30 July 2011

A railroad train does a "burnout" of the tracks

The photo shows what happens when a train with multiple engines has the brakes applied, but an engine does not get a signal to shut down.
Actually, the whole train brakes. Every wagon has brakes, not just the locomotives. What is interesting is that somehow the signal bypassed the dummy locomotives (only the first one usually has people operating it, the rest are controlled by remote from that first engine) and got to the wagons, or the dummies were at the rear of the train and the signal broke somewhere in the middle. Also consider that static friction is stronger than kinetic, so as the first engine slowed and stopped, the following engines could have started slipping and never regained traction.
There's more discussion at two Reddit posts, and more pix here.


  1. Here's a couple of follow-up comments from the Reddit thread in response to the one you quoted:

    From Rounding_Error: It "bypassed" the second and third locomotives because the air brakes were applied on the entire train. This kept it the entire train from moving, but was not clamped tight enough on the powered wheels to keep them from spinning. The traction motors in diesel locomotives have a lot of torque at low speed. Suppose this was a 100 car train with three six axle locomotives, that would be 818 wheels with the brakes applied vs 12 that are powered. Even if the brakes were lightly applied on the entire train, this would likely happen.

    From Not_Mine: Actually there are 2 braking systems on American trains.

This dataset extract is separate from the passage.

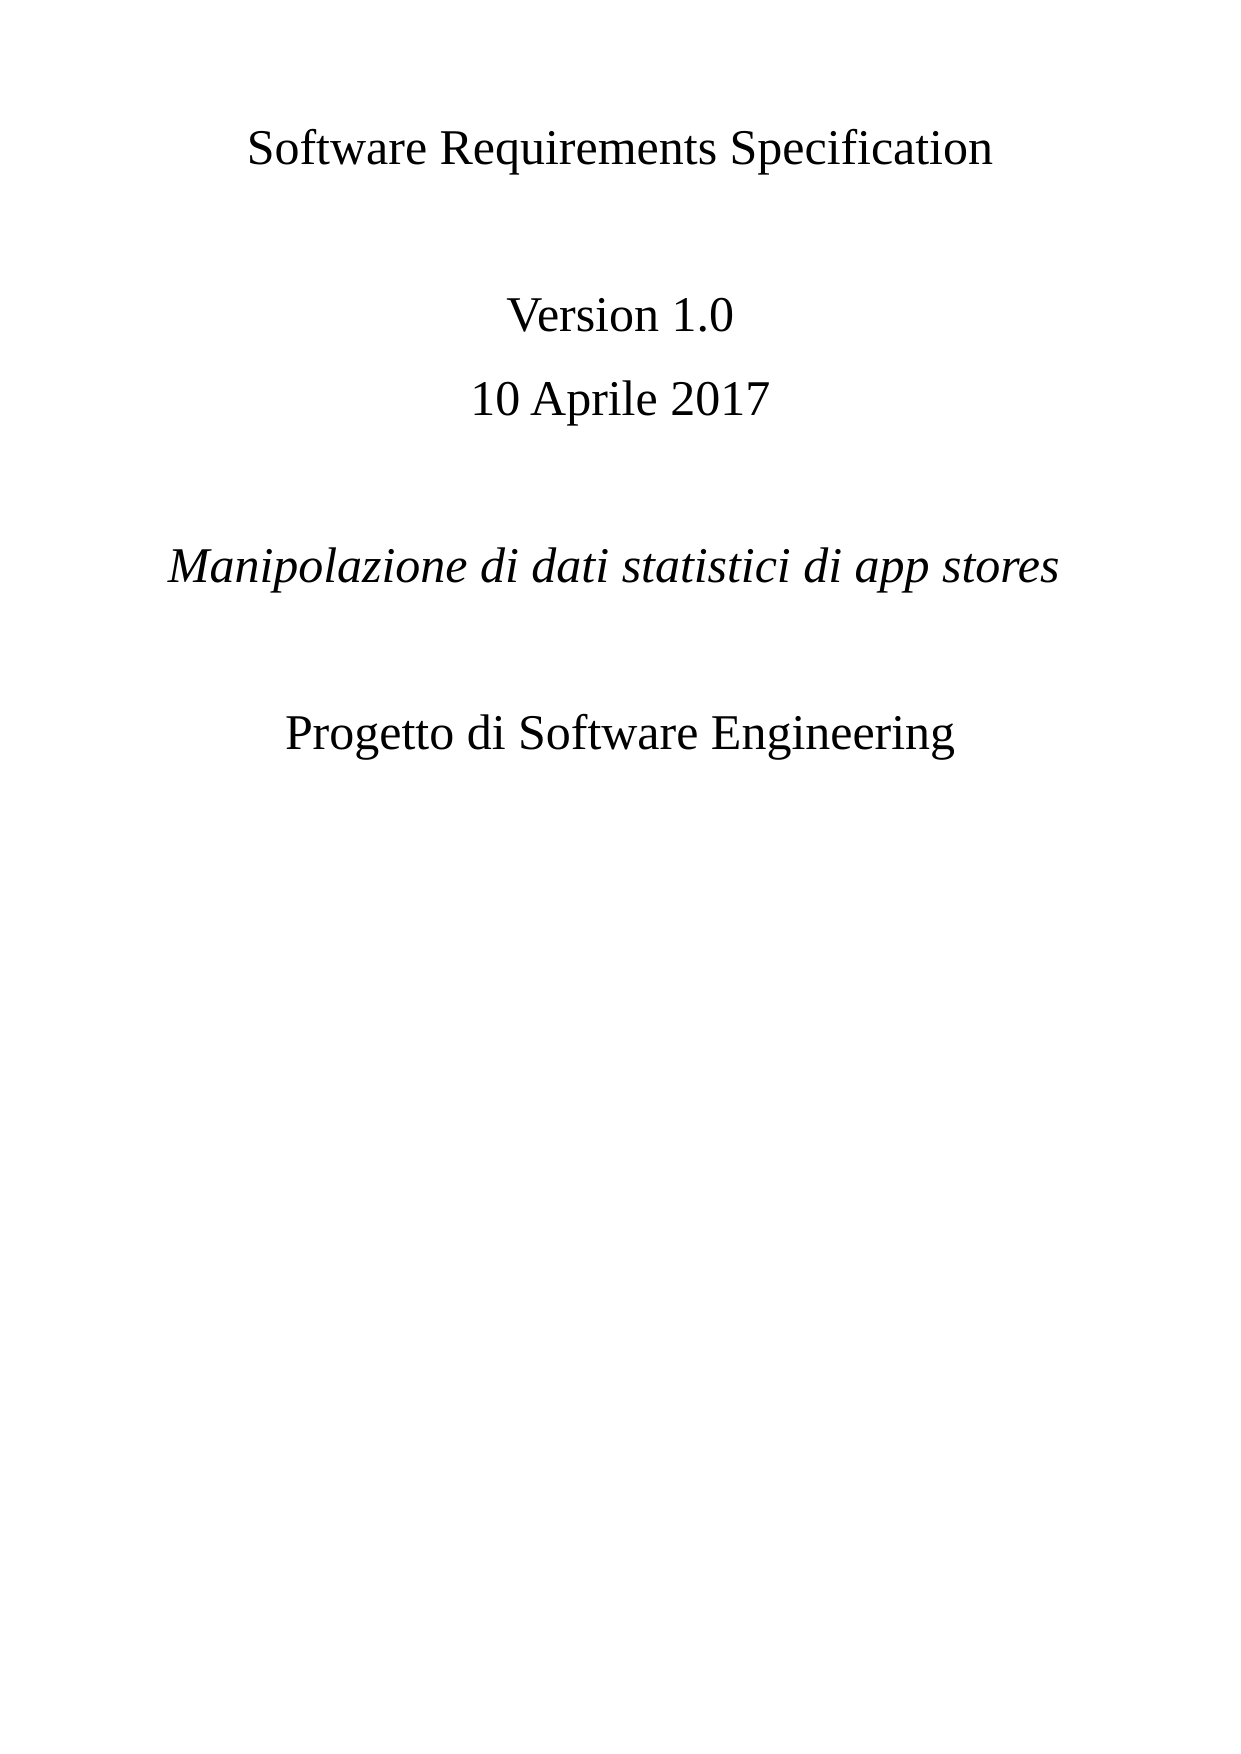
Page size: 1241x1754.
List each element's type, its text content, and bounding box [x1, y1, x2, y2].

    The automatic brakes will apply the brakes on the whole train, including the locomotives. There are also independent brakes that only apply brakes on locomotives. When the automatic brakes are applied, the independent brakes can be actuated (released) without affecting the cars.

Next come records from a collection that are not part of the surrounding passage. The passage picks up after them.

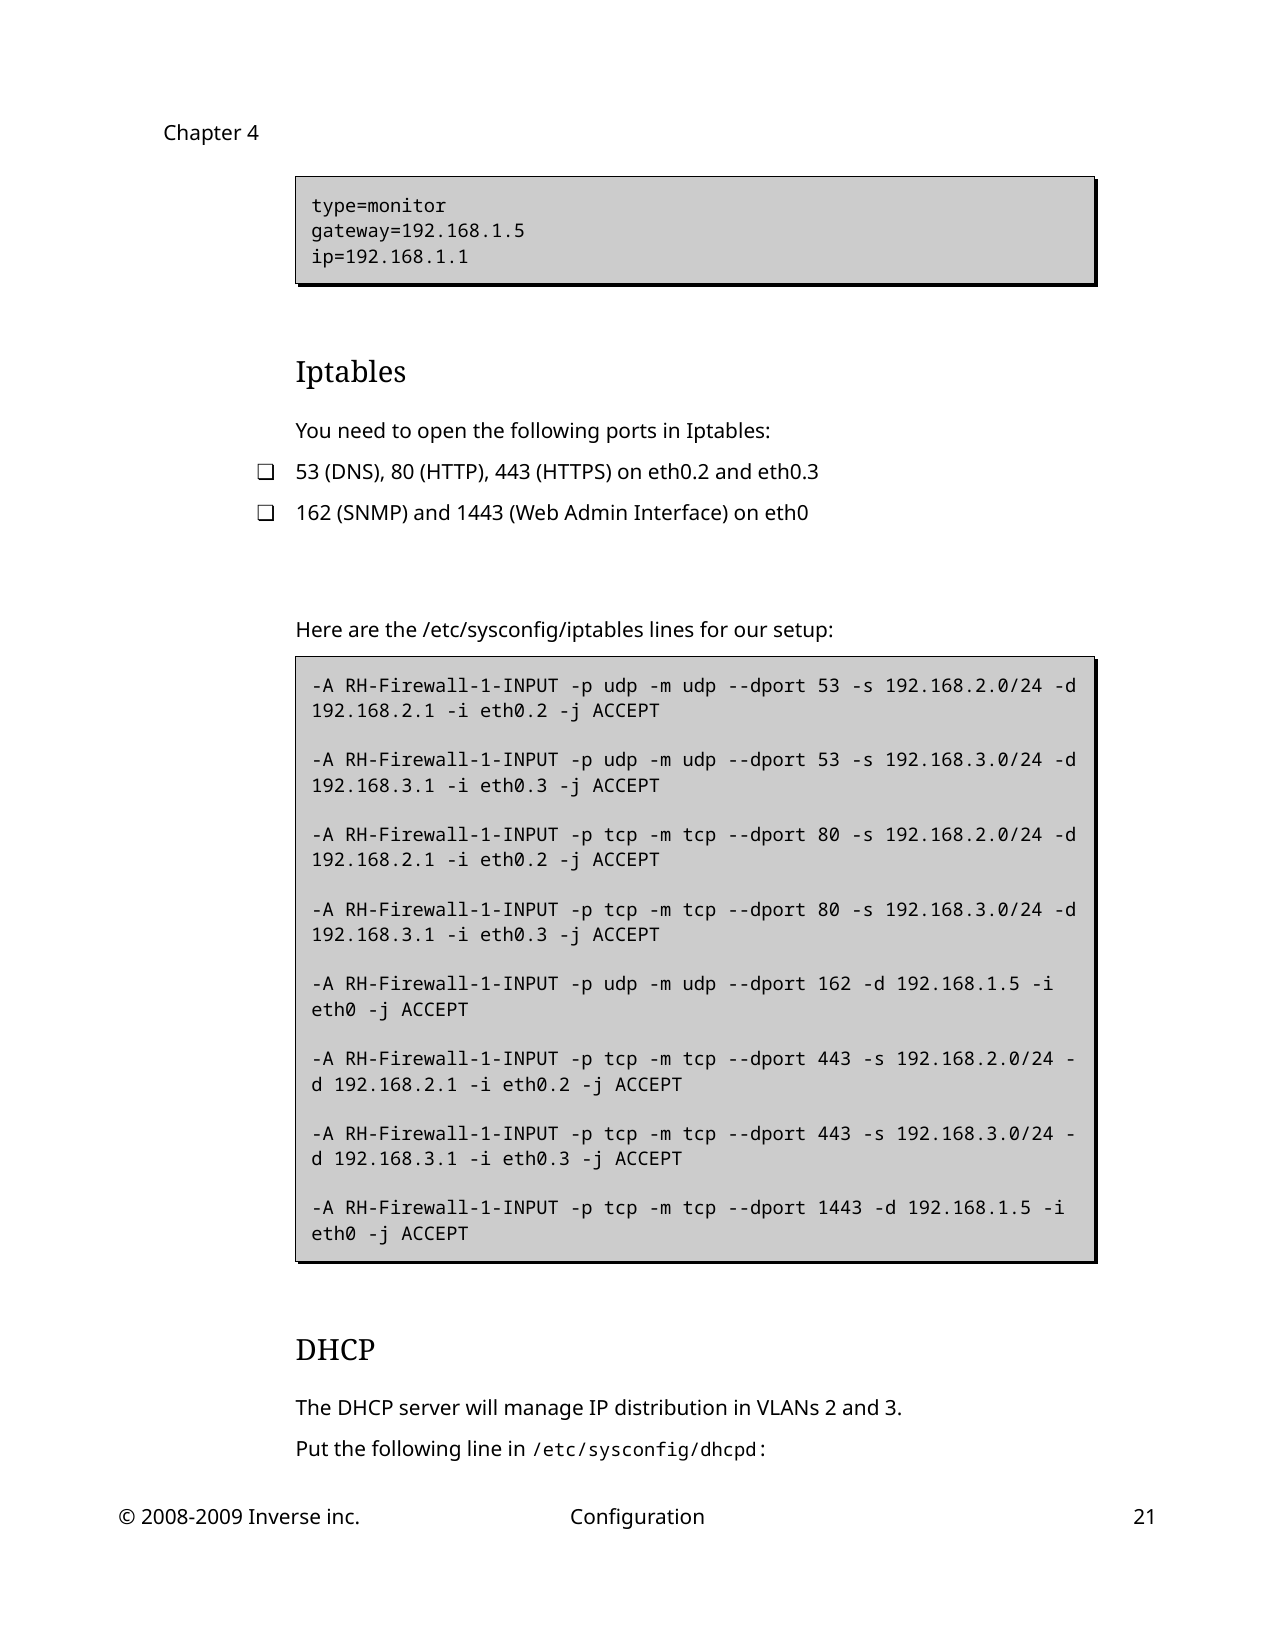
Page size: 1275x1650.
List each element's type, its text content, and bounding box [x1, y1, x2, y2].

text -A RH-Firewall-1-INPUT -p udp -m udp --dport 53 -s 192.168.3.0/24 -d 192.168.3.1 -i eth0.3 -j ACCEPT [296, 731, 1094, 798]
subtitle Iptables [295, 352, 1157, 391]
text The DHCP server will manage IP distribution in VLANs 2 and 3. [295, 1393, 1157, 1422]
list Here are the /etc/sysconfig/iptables lines for our setup: [295, 615, 1157, 643]
text You need to open the following ports in Iptables: [295, 416, 1157, 445]
text -A RH-Firewall-1-INPUT -p tcp -m tcp --dport 1443 -d 192.168.1.5 -i eth0 -j ACCEPT [296, 1179, 1094, 1261]
subtitle DHCP [295, 1329, 1157, 1369]
text Put the following line in /etc/sysconfig/dhcpd: [295, 1434, 1157, 1463]
text type=monitor gateway=192.168.1.5 ip=192.168.1.1 [296, 177, 1094, 283]
text -A RH-Firewall-1-INPUT -p tcp -m tcp --dport 443 -s 192.168.2.0/24 -d 192.168.2.1 -i eth0.2 -j ACCEPT [296, 1029, 1094, 1096]
list ❏ 162 (SNMP) and 1443 (Web Admin Interface) on eth0 [256, 498, 1157, 527]
text -A RH-Firewall-1-INPUT -p udp -m udp --dport 53 -s 192.168.2.0/24 -d 192.168.2.1 -i eth0.2 -j ACCEPT [296, 657, 1094, 723]
text -A RH-Firewall-1-INPUT -p tcp -m tcp --dport 80 -s 192.168.3.0/24 -d 192.168.3.1 -i eth0.3 -j ACCEPT [296, 880, 1094, 947]
text -A RH-Firewall-1-INPUT -p tcp -m tcp --dport 80 -s 192.168.2.0/24 -d 192.168.2.1 -i eth0.2 -j ACCEPT [296, 805, 1094, 872]
text -A RH-Firewall-1-INPUT -p tcp -m tcp --dport 443 -s 192.168.3.0/24 -d 192.168.3.1 -i eth0.3 -j ACCEPT [296, 1104, 1094, 1171]
list ❏ 53 (DNS), 80 (HTTP), 443 (HTTPS) on eth0.2 and eth0.3 [256, 457, 1157, 486]
text -A RH-Firewall-1-INPUT -p udp -m udp --dport 162 -d 192.168.1.5 -i eth0 -j ACCEPT [296, 955, 1094, 1022]

    One of the reasons for two systems is so the train can start pulling the train while the brake lines are being charged. This prevents the cars in the rear of a long train from having the coupler knuckles from breaking if the front of the train is moving at a rapid pace and the rear of the train is still stopped.

    There could be may other reasons for this, but I never had enough seniority to become an engineer.

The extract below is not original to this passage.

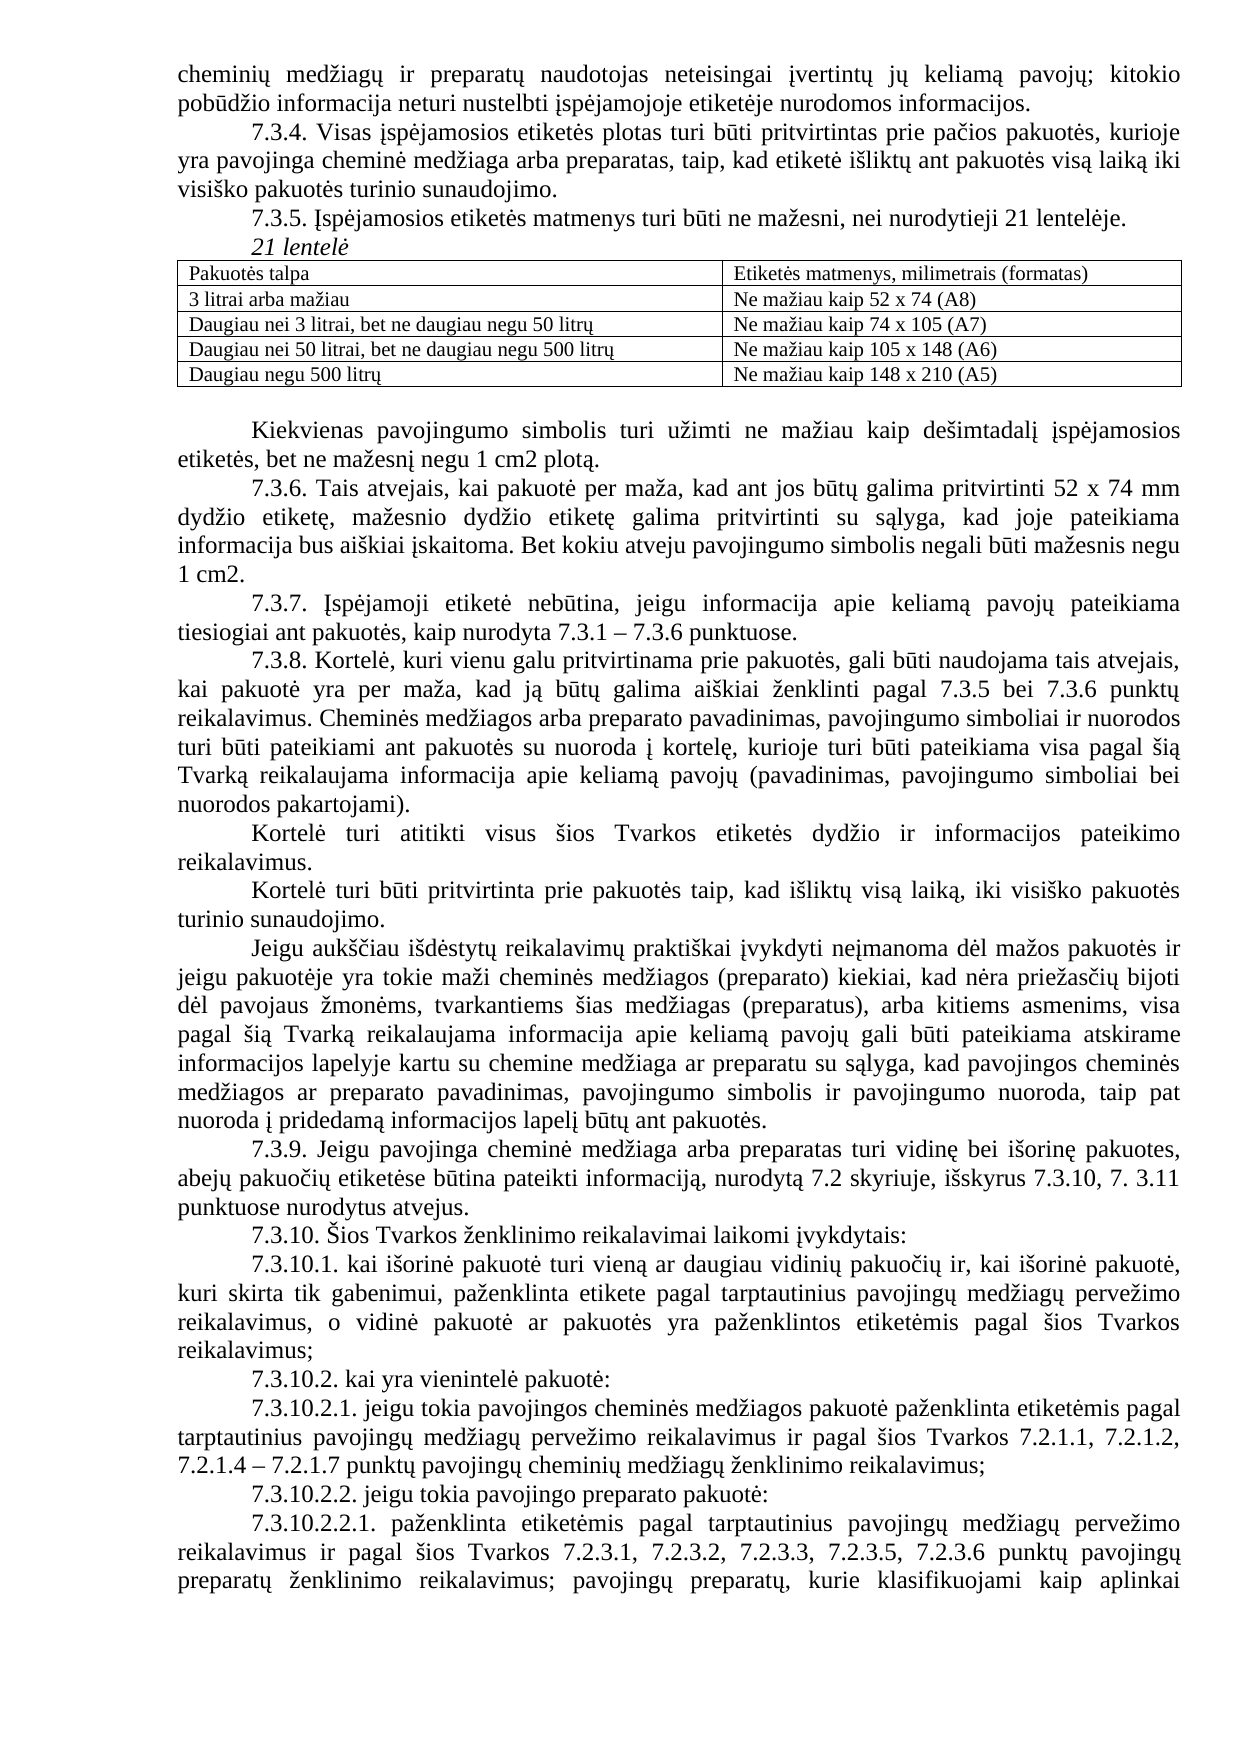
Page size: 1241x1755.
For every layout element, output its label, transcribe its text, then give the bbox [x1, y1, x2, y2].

    (Mel V. back in) So it sounds like there's more to it than the 'signal breaking' and skipping the dummy engines, there's a couple of systems involved here. Cool stuff.

  2. What happens when the train goes over that part of the track...?

    1. It might derail, but it would probably make a huge bump and not derail.

    2. I'm not sure it would even cause a bump. The depression would affect only one pair of wheels at a time, but there are multiple pairs of wheels supporting any given boxcar. I bet the one going over the depression would sag for a moment, but the car as a whole wouldn't notice the dip.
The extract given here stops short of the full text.